Kenvue has several competitive advantages that make it a dominant force in the consumer healthcare market. First, it has a diversified and resilient product portfolio that covers various categories such as over-the-counter drugs, oral care, skin care, wound care, and women's health. These products have strong brand recognition and customer loyalty and come with premium pricing power as a result of these features. Kenvue's world-class product portfolio thus sports industry-leading gross margins, which has been beneficial to the company's cash flow generation over the years. 

Second, Kenvue invests heavily in research and development (R&D) to maintain its leadership position and introduce new products that meet the changing needs and preferences of consumers. Since 2020, the company's R&D efforts have resulted in the development of more than 100 new product innovations per year.

Third, Kenvue has a global presence and a balanced geographic mix that allows it to tap into the growth opportunities in both developed and emerging markets. Specifically, the consumer healthcare giant operates in more than 165 countries, with an especially strong foothold in high-growth markets including Brazil, China, and India. 

Fourth, Kenvue's financial performance has been steady through the years, allowing it to offer a generous dividend program for shareholders. Turning to the specifics, the company has consistently grown its sales over the past decade, despite facing several major challenges, such as an ever-changing regulatory landscape, competitive threats from niche operators, and high-profile litigation issues.

In dividend terms, the consumer healthcare company pays a 3.47% annualized dividend yield at current levels, which is substantially higher than the 1.5% average yield of the S&P 500 Index and modestly higher than the 3.27% yield of its consumer healthcare peer group.
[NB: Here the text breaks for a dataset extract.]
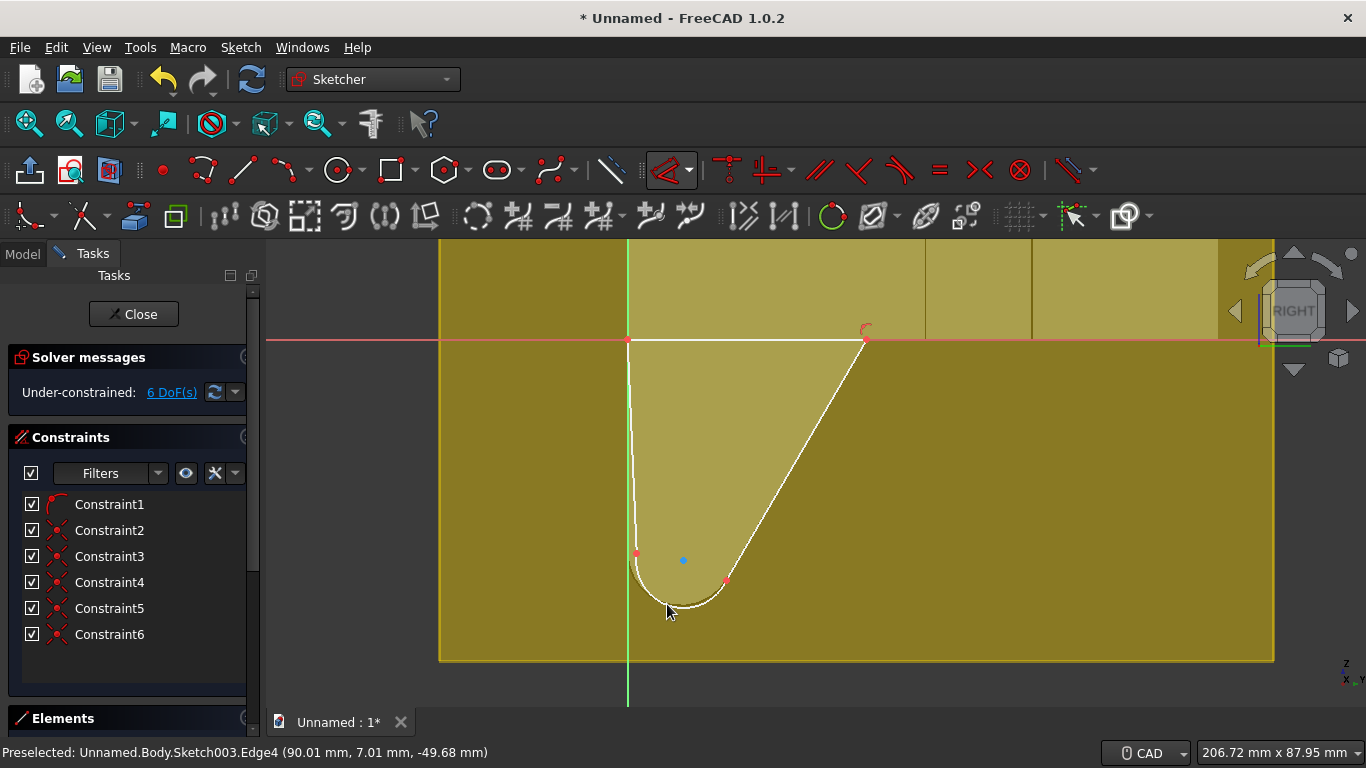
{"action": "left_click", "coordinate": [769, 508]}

Kenvue isn't risk-free, however. Consumer healthcare is a fiercely competitive space characterized by abrupt shifts in consumer preferences and a rapid pace of innovation. Now, Kenvue's 135-year track record implies that it is flexible enough to change with the times, but this industrywide risk factor is important to consider. 

Time to buy?

Kenvue is a top dividend stock to buy right now for several reasons. First, it offers a stable and growing income stream that can withstand economic downturns and market volatility. Second, it has a strong competitive position and growth potential in the consumer healthcare industry, which is expected to benefit from multiple tailwinds such as an aging global population and an increase in demand for self-care products. 
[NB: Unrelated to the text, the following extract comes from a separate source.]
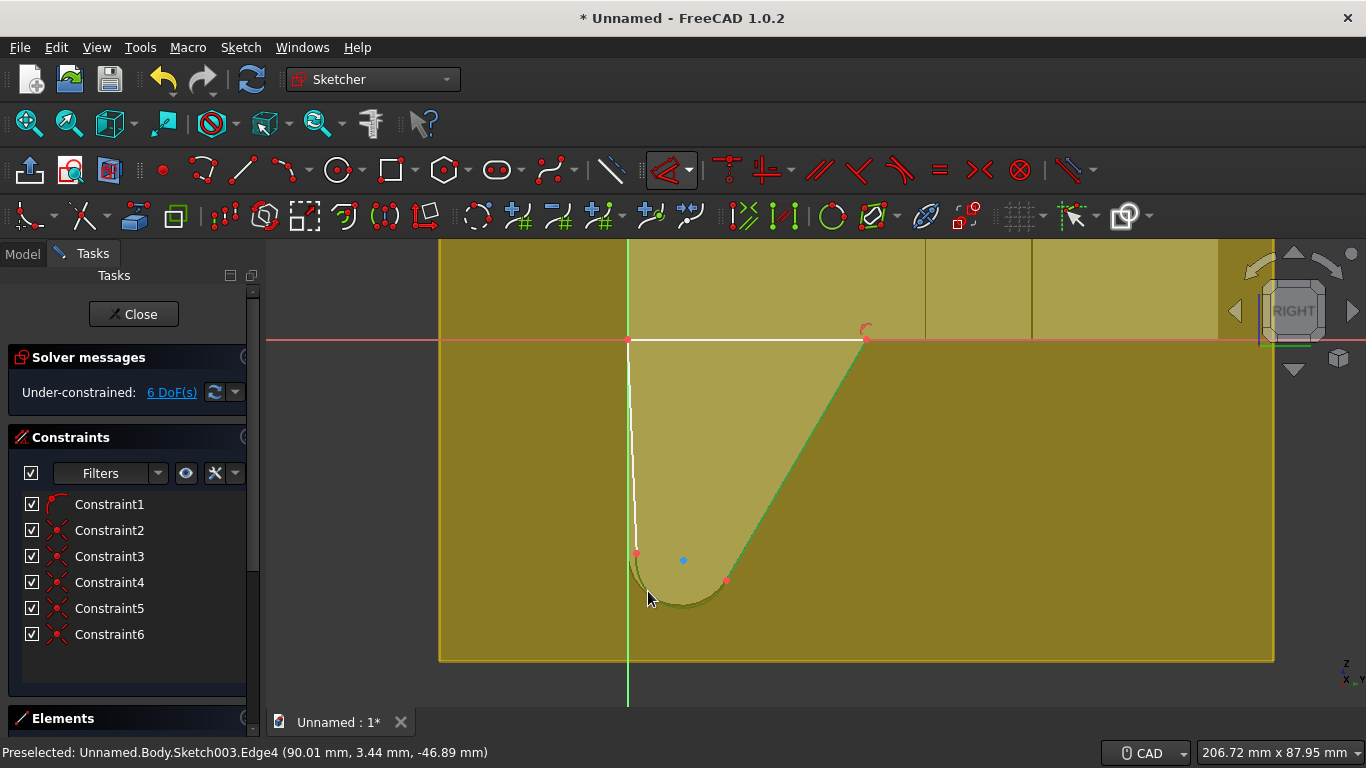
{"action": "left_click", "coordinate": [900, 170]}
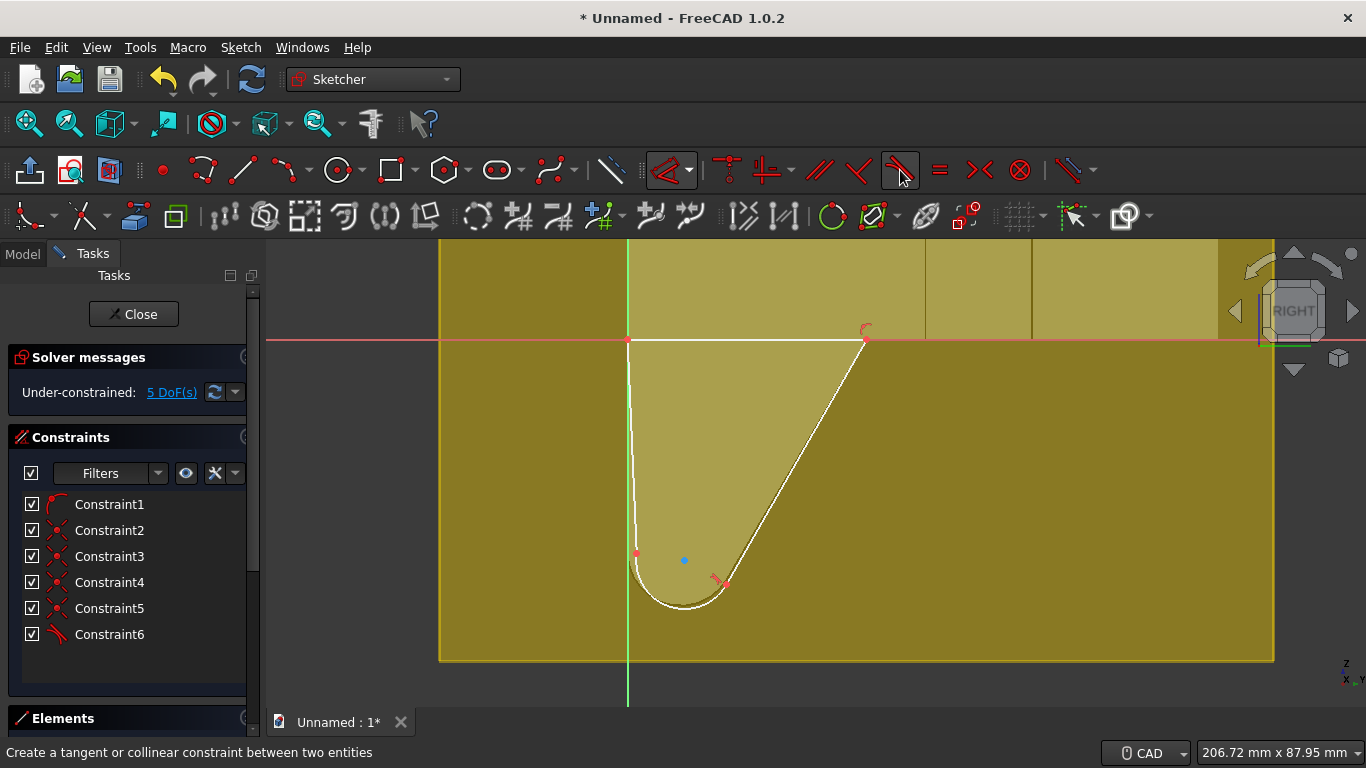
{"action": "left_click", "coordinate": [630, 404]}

Third, it trades at a reasonable valuation compared to its peers and the broader market. As of Aug. 29, Kenvue stock was trading at approximately 17.7 times projected earnings. For context, its closest peers in the consumer healthcare space trade at an average multiple of 21, and the average S&P 500 stock, as of this writing, trades at 19.8 times forward earnings. Kenvue's shares are cheap by comparison. 

In all, Kenvue offers an attractive mix of value, reliable income, and sustainable growth, making it a worthwhile addition to either an income or value-oriented portfolio.